I suggested they think about semantic annotation at the packaging level. Not just valid JSON with typed fields, but explicit semantic markers that tell an AI system what it’s looking at and what the relationships between objects mean. The manifest should be annotated so that a machine intelligence can understand the contents without having to infer structure from patterns.
This isn’t about replacing human-readable documentation. It’s about making the container self-describing in a way that’s useful to the growing number of AI systems that will interact with scientific content. When an LLM encounters an OXA package, it should be able to understand at a glance: this is a research article, here are its components, this figure relates to that dataset, this code produced these results.
They were receptive. They’ve invited me to help pull together a working group of folks who understand both AI systems and scientific publishing — to think through where else semantic annotations could add value and what form they should take. The goal would be to ensure OXA isn’t just a modernized MECA, but a container format that’s native to an era where machines are first-class readers of scientific literature.
Why This Matters
The preprint world is different from traditional publishing. Content originates on servers like bioRxiv. It’s dynamic — versions change, code updates, data gets revised. The document isn’t a static artifact, it’s a snapshot of ongoing work.

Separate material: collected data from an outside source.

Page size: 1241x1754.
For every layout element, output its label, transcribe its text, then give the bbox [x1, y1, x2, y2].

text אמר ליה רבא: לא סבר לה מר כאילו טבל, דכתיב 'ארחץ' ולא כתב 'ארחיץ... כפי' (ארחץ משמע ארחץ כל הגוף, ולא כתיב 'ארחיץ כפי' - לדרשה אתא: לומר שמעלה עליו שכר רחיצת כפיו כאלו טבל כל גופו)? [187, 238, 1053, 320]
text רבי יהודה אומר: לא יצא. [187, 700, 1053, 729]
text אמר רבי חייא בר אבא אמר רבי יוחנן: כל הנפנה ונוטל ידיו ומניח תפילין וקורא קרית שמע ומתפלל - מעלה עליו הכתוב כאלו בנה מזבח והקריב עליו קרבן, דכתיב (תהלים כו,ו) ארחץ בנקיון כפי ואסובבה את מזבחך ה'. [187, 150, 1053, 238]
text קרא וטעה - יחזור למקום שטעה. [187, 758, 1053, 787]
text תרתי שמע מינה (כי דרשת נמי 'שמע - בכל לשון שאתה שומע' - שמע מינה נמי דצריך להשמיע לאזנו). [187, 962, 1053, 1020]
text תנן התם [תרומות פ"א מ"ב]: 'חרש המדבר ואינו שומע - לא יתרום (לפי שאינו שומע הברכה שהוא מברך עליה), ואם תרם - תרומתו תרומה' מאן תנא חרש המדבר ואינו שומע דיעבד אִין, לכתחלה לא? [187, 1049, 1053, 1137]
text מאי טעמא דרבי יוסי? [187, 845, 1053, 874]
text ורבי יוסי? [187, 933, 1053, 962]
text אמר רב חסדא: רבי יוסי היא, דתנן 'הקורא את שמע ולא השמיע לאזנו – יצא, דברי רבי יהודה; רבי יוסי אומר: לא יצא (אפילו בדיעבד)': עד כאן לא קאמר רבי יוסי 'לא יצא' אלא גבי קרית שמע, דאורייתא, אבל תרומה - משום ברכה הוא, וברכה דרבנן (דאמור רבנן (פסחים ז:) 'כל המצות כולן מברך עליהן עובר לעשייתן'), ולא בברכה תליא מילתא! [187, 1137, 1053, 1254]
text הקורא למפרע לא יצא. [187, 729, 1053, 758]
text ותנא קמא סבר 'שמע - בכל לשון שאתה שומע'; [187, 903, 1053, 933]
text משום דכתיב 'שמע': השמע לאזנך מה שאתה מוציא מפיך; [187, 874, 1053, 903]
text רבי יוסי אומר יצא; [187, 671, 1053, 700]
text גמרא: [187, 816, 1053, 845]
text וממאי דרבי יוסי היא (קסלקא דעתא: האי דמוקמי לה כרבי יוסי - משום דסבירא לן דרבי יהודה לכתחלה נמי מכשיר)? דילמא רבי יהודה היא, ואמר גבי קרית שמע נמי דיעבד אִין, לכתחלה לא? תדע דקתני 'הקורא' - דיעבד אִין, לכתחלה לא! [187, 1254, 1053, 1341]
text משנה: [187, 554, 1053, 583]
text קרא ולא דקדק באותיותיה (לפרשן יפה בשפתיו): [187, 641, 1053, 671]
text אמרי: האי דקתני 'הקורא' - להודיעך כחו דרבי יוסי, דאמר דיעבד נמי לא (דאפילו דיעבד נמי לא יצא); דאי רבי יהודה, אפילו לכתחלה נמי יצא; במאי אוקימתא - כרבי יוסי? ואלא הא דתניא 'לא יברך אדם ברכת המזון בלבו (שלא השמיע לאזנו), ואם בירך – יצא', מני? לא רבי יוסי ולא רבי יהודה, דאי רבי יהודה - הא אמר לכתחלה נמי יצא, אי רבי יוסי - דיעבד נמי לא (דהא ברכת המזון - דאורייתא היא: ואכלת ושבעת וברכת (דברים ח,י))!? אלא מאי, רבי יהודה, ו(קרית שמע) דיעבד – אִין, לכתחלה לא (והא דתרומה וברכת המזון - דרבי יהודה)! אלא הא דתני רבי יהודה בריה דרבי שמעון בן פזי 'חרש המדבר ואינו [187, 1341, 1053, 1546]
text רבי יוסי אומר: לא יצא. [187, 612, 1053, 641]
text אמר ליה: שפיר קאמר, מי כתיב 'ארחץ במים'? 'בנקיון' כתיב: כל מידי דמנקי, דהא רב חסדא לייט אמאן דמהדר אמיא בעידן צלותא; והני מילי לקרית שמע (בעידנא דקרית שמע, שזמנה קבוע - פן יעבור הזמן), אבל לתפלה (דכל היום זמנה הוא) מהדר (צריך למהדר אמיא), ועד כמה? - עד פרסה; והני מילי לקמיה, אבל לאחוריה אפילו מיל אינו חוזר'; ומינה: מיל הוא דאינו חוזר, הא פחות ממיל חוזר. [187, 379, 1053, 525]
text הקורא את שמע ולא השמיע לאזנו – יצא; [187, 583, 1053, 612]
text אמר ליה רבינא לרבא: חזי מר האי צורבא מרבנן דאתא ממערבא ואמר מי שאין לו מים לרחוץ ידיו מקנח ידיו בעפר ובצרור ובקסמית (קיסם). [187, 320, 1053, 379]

JATS was designed for describing static, finished documents. MECA inherited that assumption. OXA has the opportunity to be different: a format for living documents, computational content, and an ecosystem where AI systems are active participants in scientific discovery.

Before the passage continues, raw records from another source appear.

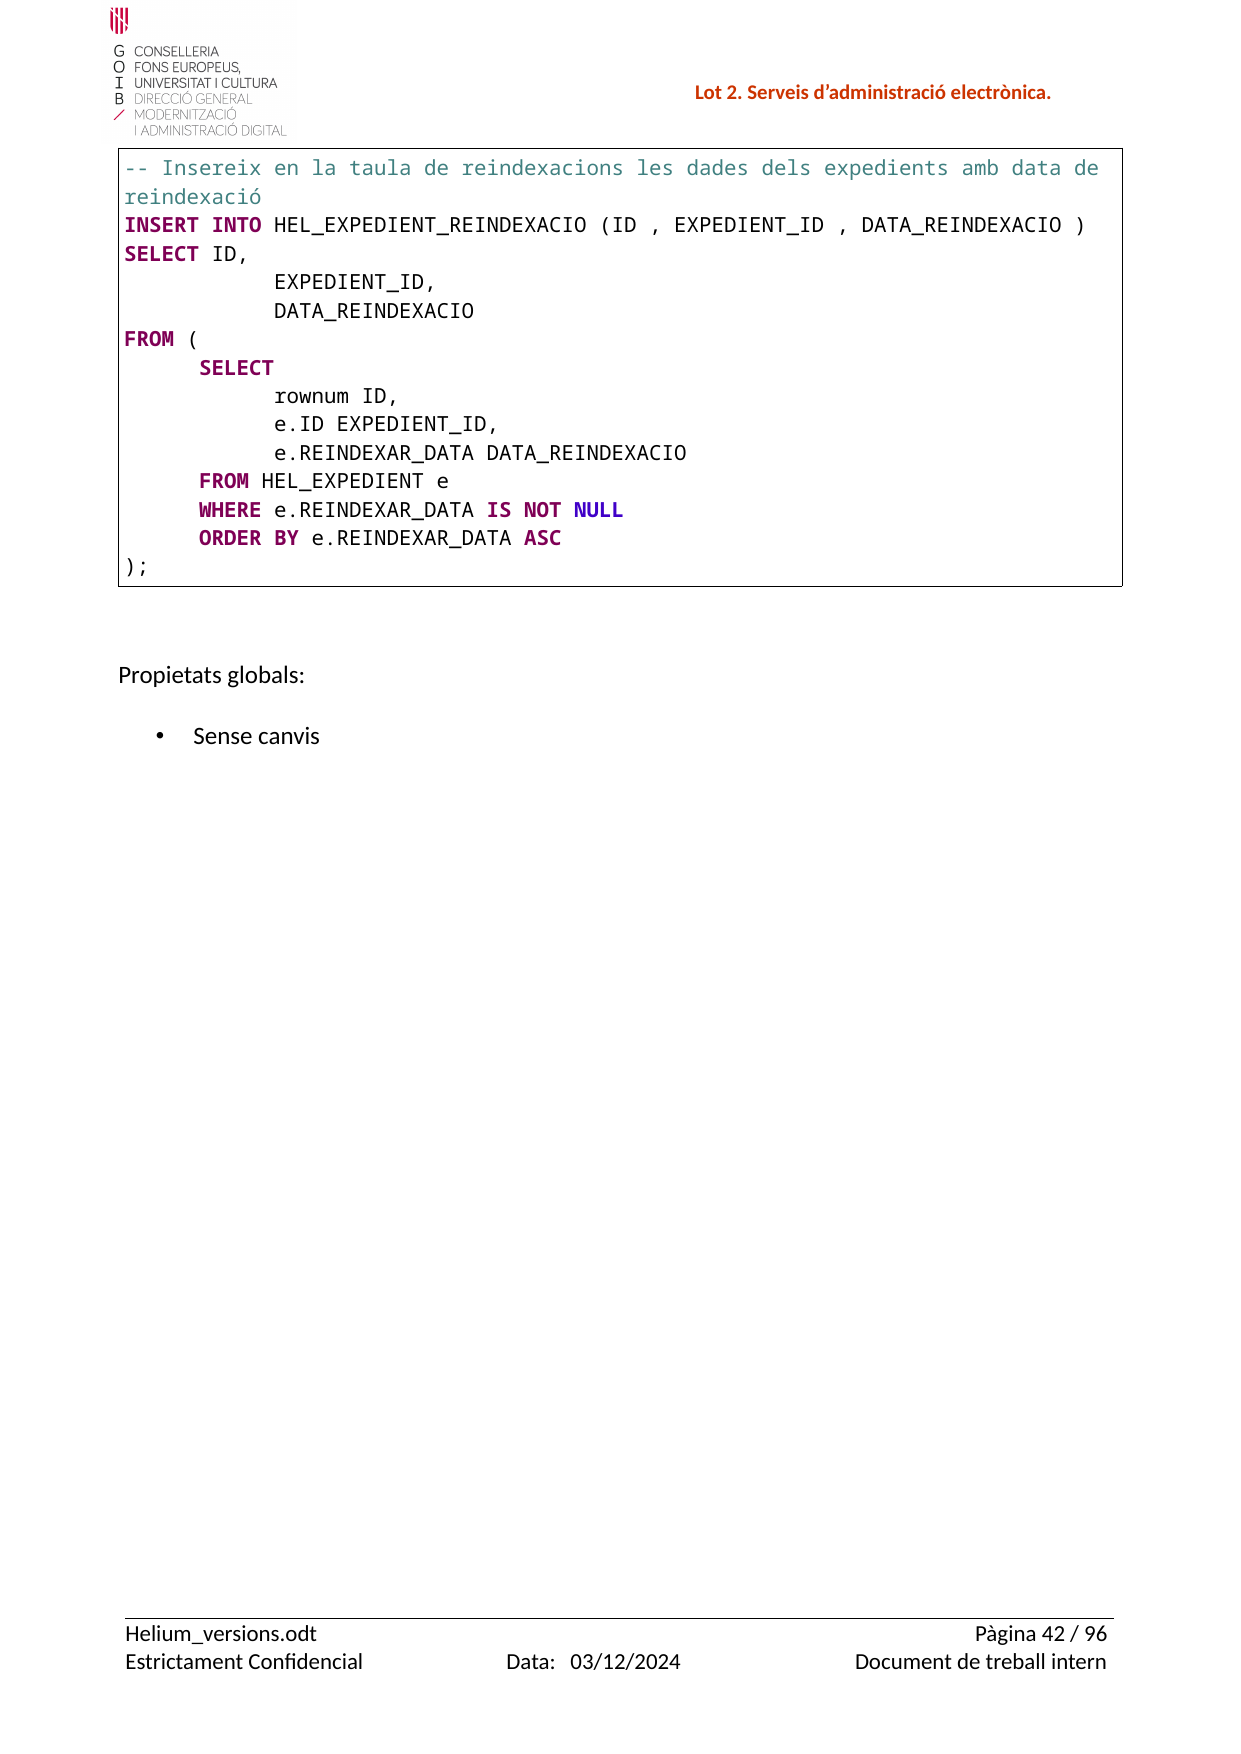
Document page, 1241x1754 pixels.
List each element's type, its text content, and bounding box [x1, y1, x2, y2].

picture [100, 0, 297, 144]
list Sense canvis [156, 720, 1122, 750]
table_header -- Insereix en la taula de reindexacions les dades dels expedients amb data de reindexació INSERT INTO HEL_EXPEDIENT_REINDEXACIO (ID , EXPEDIENT_ID , DATA_REINDEXACIO ) SELECT ID, EXPEDIENT_ID, DATA_REINDEXACIO FROM ( SELECT rownum ID, e.ID EXPEDIENT_ID, e.REINDEXAR_DATA DATA_REINDEXACIO FROM HEL_EXPEDIENT e WHERE e.REINDEXAR_DATA IS NOT NULL ORDER BY e.REINDEXAR_DATA ASC ); [119, 149, 1122, 586]
text Propietats globals: [118, 659, 1122, 689]

We’ll see where it goes. Standards efforts can take years and often fail. But the coalition here is strong — preprint servers, authoring tools, open infrastructure organizations — and the timing feels right. The gap between how scientists actually work and how their work gets packaged for exchange keeps growing. Something needs to fill it.
If that something can also be readable by the AI systems that are reshaping how we interact with knowledge... all the better.